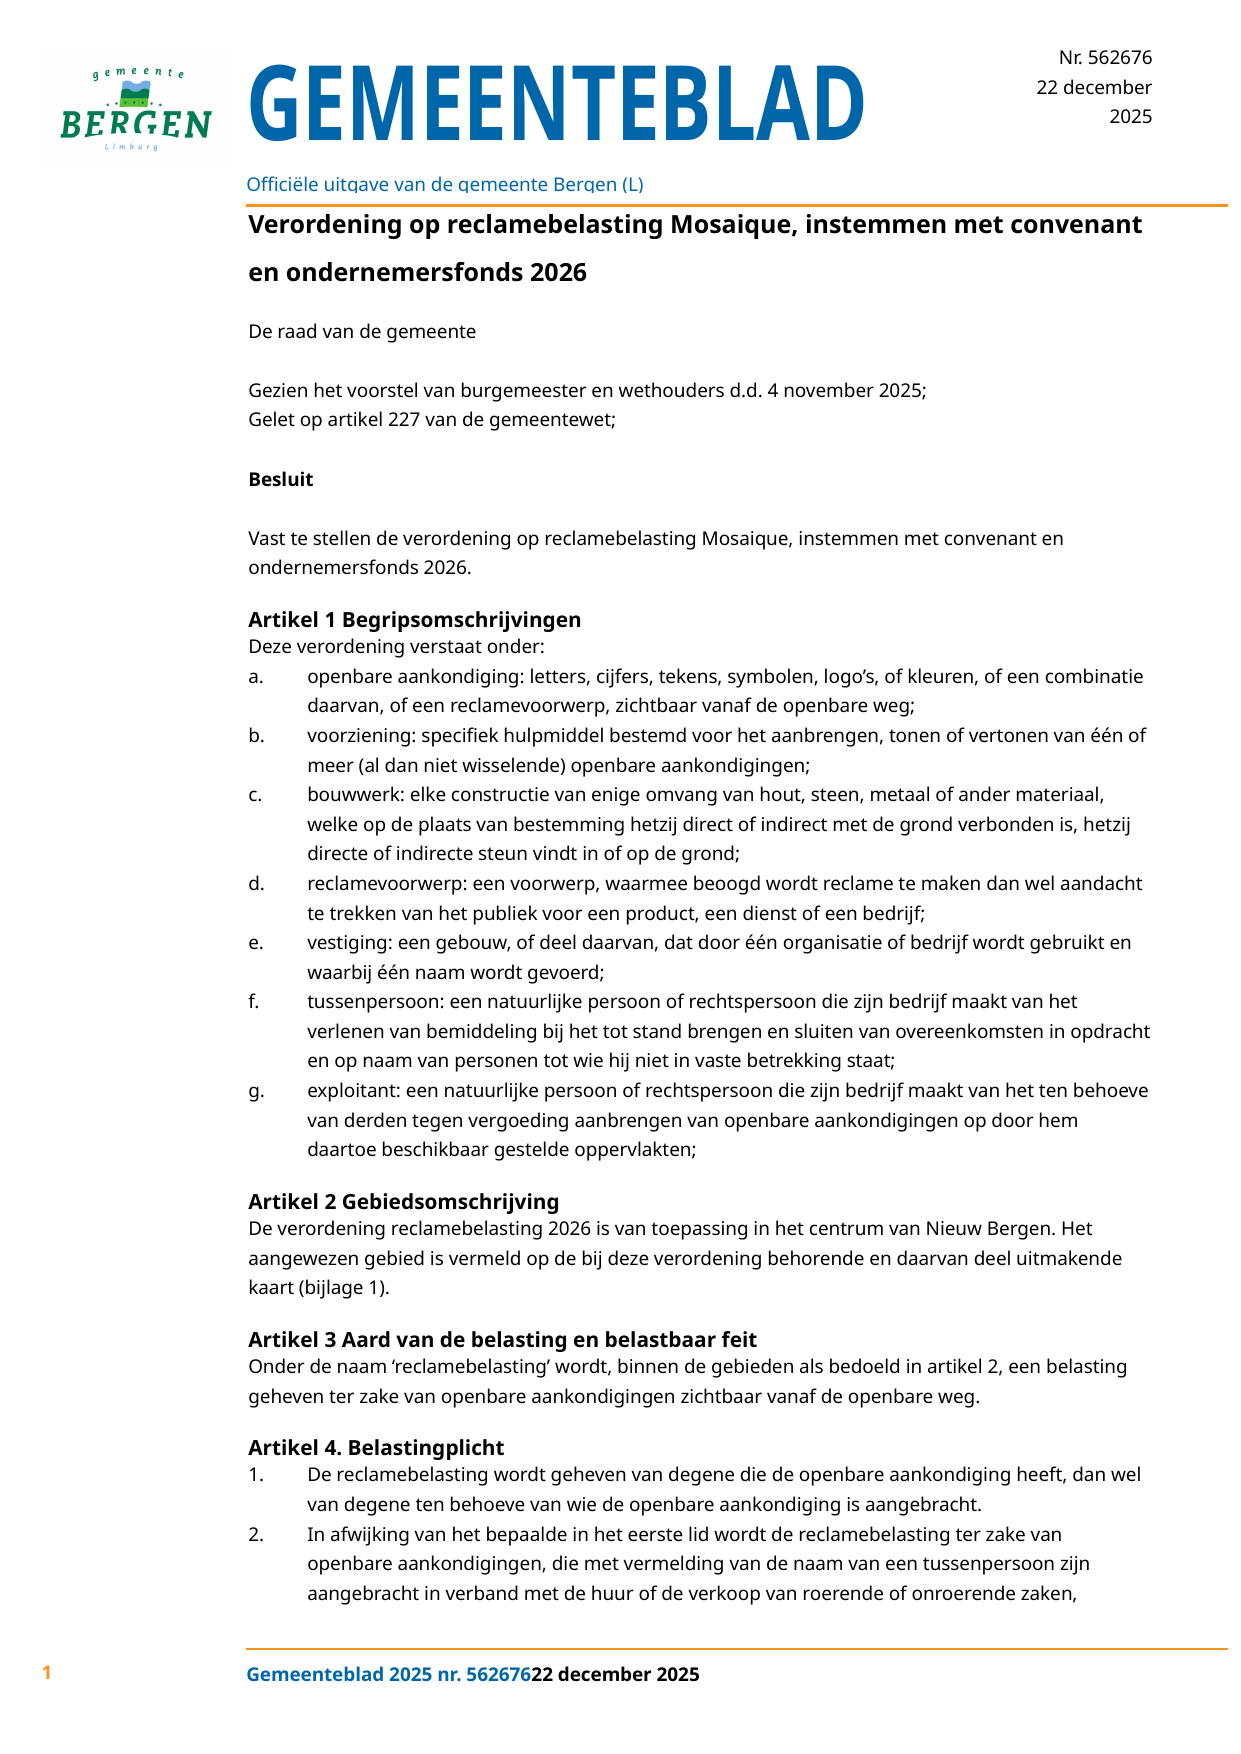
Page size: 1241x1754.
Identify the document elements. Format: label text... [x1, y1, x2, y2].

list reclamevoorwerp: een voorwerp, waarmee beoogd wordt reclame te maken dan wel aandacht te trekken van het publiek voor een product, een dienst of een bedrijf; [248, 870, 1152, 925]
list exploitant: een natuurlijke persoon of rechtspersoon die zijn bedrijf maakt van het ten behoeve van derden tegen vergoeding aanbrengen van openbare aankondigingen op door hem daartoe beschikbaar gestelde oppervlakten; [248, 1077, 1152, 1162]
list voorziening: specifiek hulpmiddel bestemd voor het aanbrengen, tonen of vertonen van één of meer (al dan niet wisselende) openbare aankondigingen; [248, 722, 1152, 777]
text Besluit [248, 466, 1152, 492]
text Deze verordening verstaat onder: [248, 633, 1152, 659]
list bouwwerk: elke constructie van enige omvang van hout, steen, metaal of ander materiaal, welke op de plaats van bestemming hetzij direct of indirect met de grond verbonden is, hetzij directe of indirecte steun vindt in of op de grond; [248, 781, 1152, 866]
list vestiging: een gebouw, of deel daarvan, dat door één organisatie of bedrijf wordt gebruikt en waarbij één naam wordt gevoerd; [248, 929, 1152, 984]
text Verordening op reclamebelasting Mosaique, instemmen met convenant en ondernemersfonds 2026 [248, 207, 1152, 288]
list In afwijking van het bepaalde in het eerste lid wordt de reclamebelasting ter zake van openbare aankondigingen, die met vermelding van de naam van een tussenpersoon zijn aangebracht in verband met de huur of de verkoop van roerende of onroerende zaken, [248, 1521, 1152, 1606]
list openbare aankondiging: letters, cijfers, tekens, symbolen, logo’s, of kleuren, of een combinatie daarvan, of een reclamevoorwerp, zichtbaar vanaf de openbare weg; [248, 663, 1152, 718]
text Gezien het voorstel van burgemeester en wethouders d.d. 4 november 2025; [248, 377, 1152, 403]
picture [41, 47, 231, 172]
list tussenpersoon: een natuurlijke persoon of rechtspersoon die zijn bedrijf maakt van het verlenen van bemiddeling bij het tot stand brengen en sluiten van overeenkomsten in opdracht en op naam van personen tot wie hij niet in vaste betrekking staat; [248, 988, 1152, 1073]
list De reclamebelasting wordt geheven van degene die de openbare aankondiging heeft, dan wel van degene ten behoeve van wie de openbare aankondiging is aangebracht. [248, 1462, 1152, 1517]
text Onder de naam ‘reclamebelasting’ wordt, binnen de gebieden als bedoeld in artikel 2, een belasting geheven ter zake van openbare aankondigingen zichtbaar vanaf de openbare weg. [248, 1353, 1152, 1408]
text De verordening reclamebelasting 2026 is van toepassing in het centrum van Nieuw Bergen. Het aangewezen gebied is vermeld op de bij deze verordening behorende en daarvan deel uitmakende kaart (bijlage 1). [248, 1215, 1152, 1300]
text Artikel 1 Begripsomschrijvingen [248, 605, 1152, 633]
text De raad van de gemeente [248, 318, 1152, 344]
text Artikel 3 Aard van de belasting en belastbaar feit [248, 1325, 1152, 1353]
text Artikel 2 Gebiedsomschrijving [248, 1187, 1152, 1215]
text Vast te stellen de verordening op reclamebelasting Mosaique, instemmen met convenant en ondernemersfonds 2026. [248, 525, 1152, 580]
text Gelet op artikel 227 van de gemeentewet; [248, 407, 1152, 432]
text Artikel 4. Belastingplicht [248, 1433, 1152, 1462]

• _BRIEF_: Whenever a line in the preceding entries includes the word "ondernemersfonds", count it, and state the total alone.

• _PROBLEM SOLUTION_: 2